Scalability Patterns
- Vertical (scale-up): Bigger machine. Simple but has ceiling.
- Horizontal (scale-out): More machines (shared-nothing). Complex but unlimited.
- Elastic: Auto-scale on load detection. Good for unpredictable workloads.
Twitter fan-out case study: 4.6k writes/s but 300k reads/s. Solution: pre-compute timelines (write fan-out) for most users; read-time merge for celebrities.
Performance: Use Percentiles, Not Averages
- p50 = median. p99 = tail latency matters for user experience.
- Amazon: 100ms delay = 1% revenue loss.
- Tail latency amplification: One slow backend call slows entire parallel request.
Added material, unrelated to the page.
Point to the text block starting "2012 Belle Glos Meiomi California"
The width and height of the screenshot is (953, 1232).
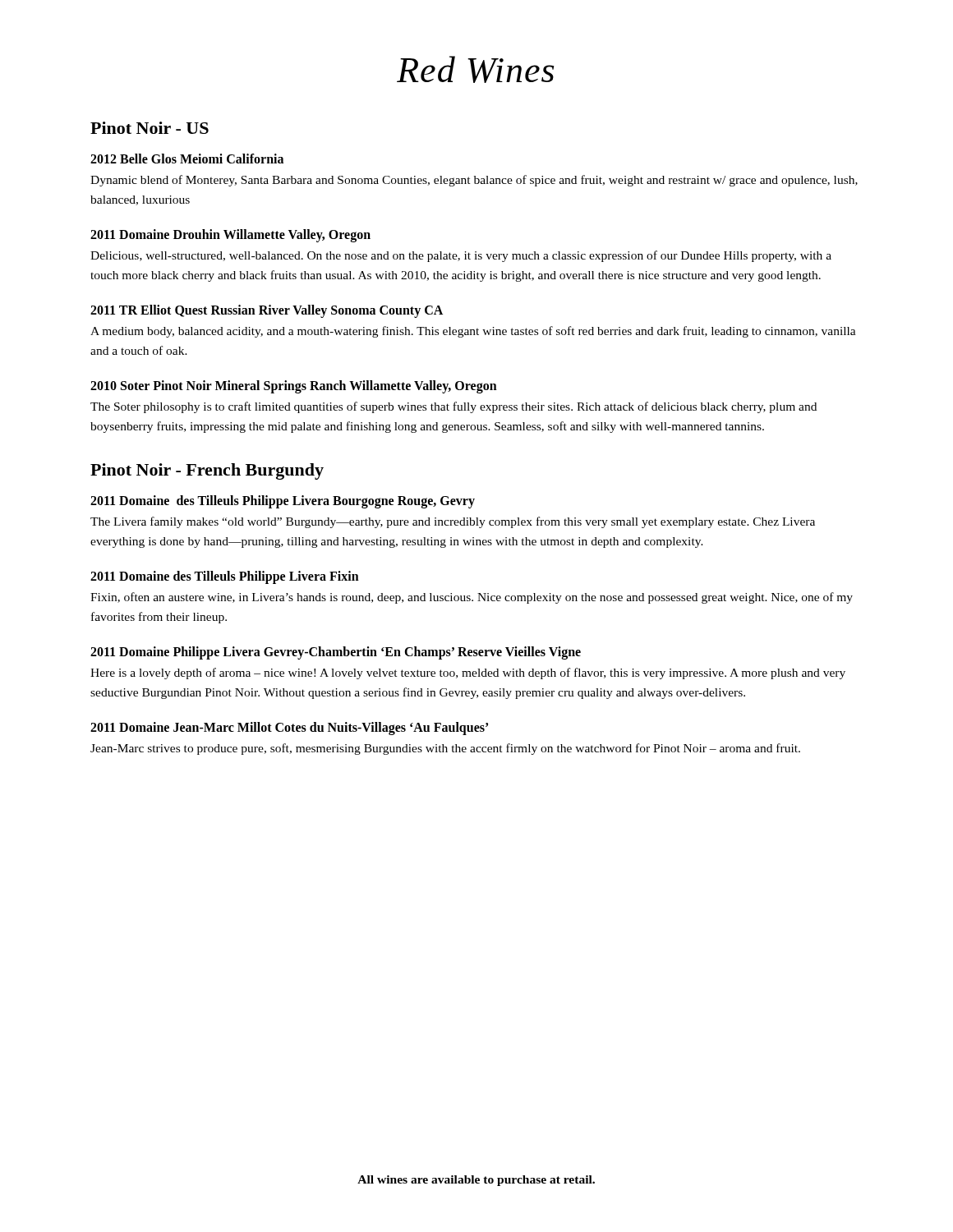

Chapter 2: Data Models & Query Languages
Model Selection Guide
| Model | Best For | Weakness |
|---|---|---|
| Relational | Structured data, complex joins, ACID transactions | Rigid schema, impedance mismatch with OOP |
| Document | Hierarchical data, flexible schema, data locality | Poor joins, many-to-many relationships |
| Graph | Highly connected data, variable-depth traversals | Less mature tooling, harder to partition |
Schema Strategy
- Schema-on-write (relational): Enforce structure at write time. Early error detection, migration cost.
- Schema-on-read (document): Interpret structure at read time. Flexible but validation burden on app.
Normalization vs Denormalization
- Normalize: Single source of truth, consistent updates, requires joins.
- Denormalize: Faster reads, risks inconsistency, update anomalies.
Trend: Models converge — PostgreSQL supports JSON, MongoDB added joins. Choose based on access patterns, not ideology.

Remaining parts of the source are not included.